Determination of Our Chief Executive Officer's Compensation
On an annual basis, our Chief Executive Officer discusses his priorities and objectives with our Governance and Nominating Committee. The Governance and Nominating Committee formally reviews our Chief Executive Officer's performance annually. This review is based on our Chief Executive Officer's performance against specific objectives, which include the progress made by our company in implementing its business strategy and achieving its business objectives, both short-term and long-term. This review, which is reported in detail to the Compensation Committee, considers both quantitative and qualitative performance matters and is a key factor that the Compensation Committee uses in setting our Chief Executive Officer's compensation for the coming year. Specific business objectives and goals that were part of our Chief Executive Officer's performance review for 2010 included the financial performance of our company, progress towards achieving our company's long-term strategic objectives and the development of key leadership talent.

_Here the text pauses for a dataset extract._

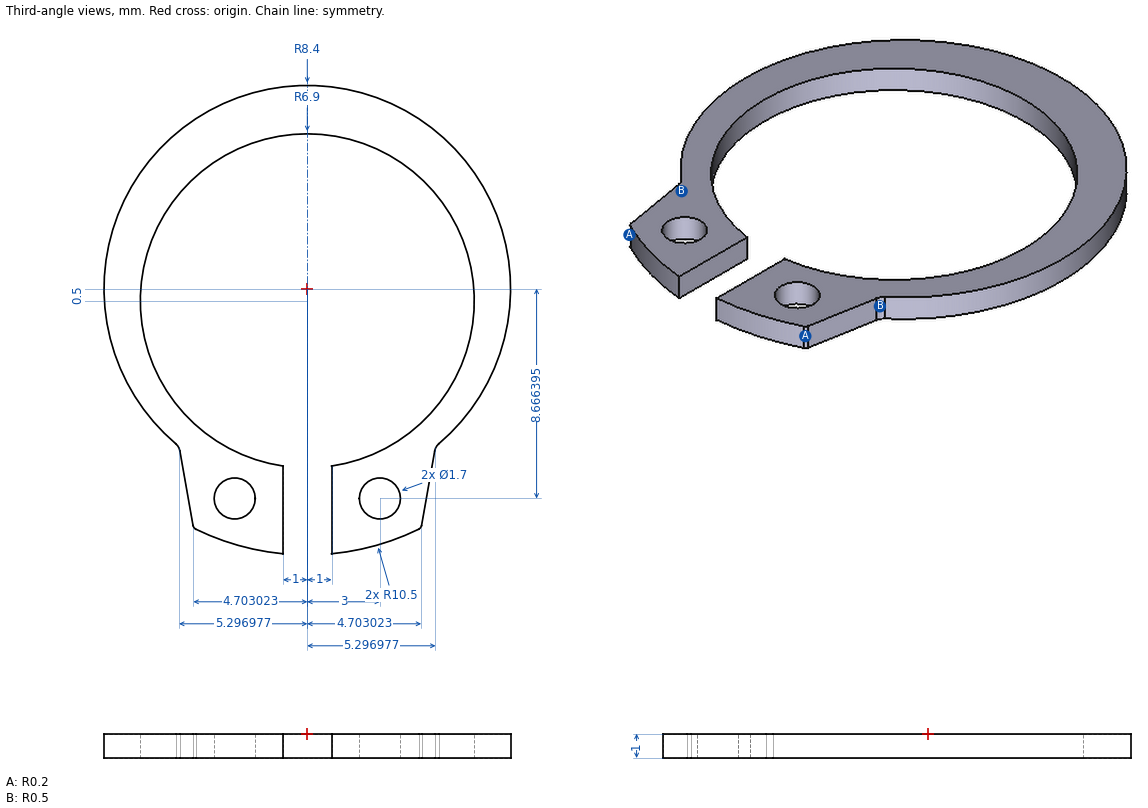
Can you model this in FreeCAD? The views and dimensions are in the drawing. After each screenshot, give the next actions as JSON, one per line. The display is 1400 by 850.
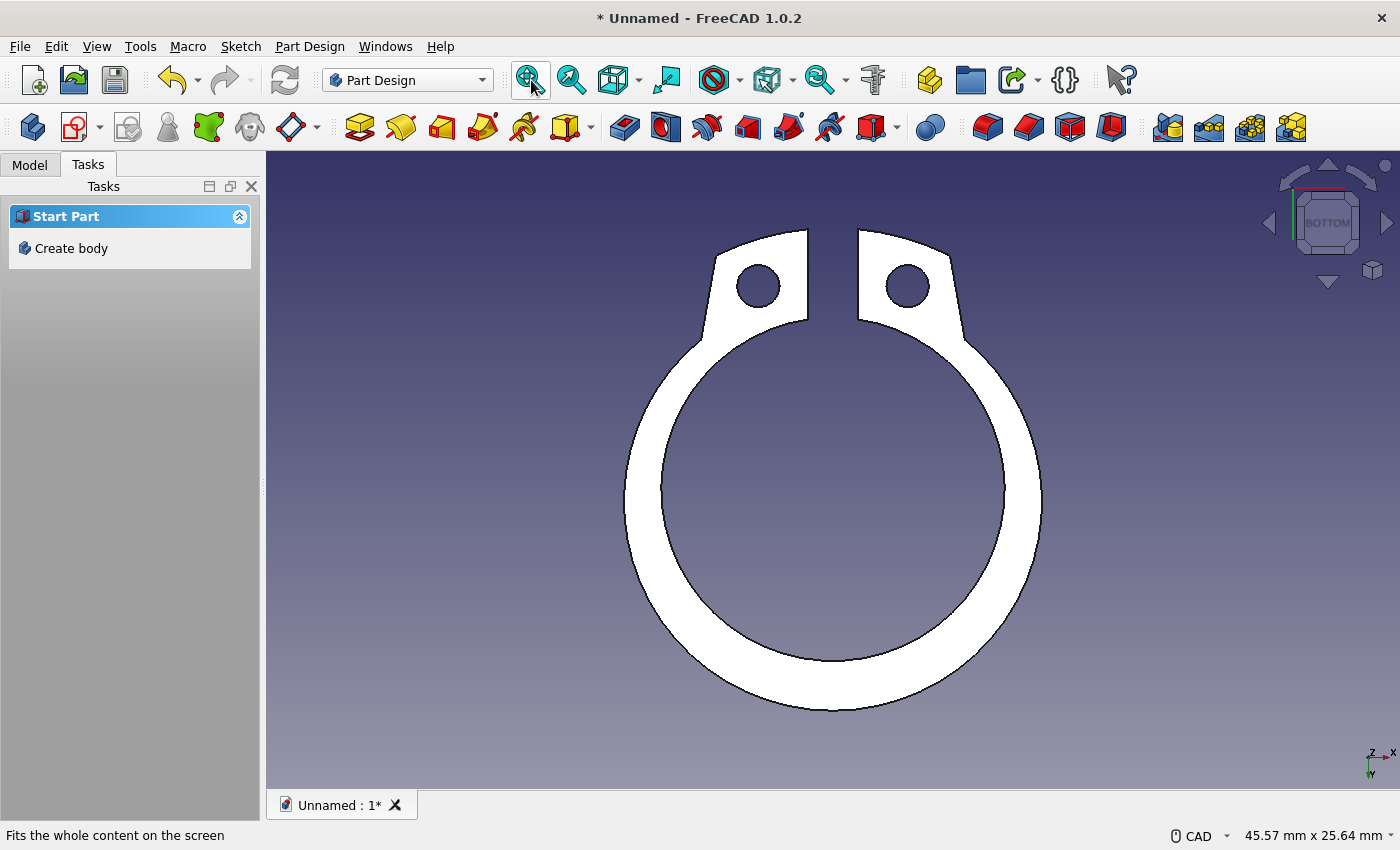
{"action": "key", "text": "4"}

The Compensation Committee meets in executive session to determine the compensation of our Chief Executive Officer. In this discussion, the Compensation Committee has access to data and advice from its consultant. No recommendations are made by any members of management regarding the compensation of our Chief Executive Officer. The Compensation Committee Chair presents its decisions to the Governance and Nominating Committee for its information.
Role of Our Officers in Setting Pay for Other Officers
Members of our senior management, including our Named Executive Officers, recommend compensation actions to our Chief Executive Officer for officers in the areas for which they are responsible (but not with respect to their own compensation). Taking these recommendations into consideration, our Chief Executive Officer then makes recommendations to our Compensation Committee regarding each officer. Our senior management and our Chief Executive Officer base these recommendations on assessments of individual performance and potential to assume greater responsibility, as well as market survey data for each position. Our Chief Executive Officer discusses the recommendations and performance of the officers with the Compensation Committee. The Compensation Committee reviews our Chief Executive Officer's recommendations, may make modifications based on the market data and a discussion of individual and Company performance, and then makes the final decisions regarding each officer's total targeted compensation, and its respective elements, for the upcoming year. Our officer compensation review occurs annually at the February Compensation Committee meeting since this is the first Compensation Committee meeting after our year-end and provides the earliest opportunity to review and assess individual and corporate performance for the previous year. As part of its review process, the Compensation Committee has access to the advice and input of its independent compensation consultant, Meridian.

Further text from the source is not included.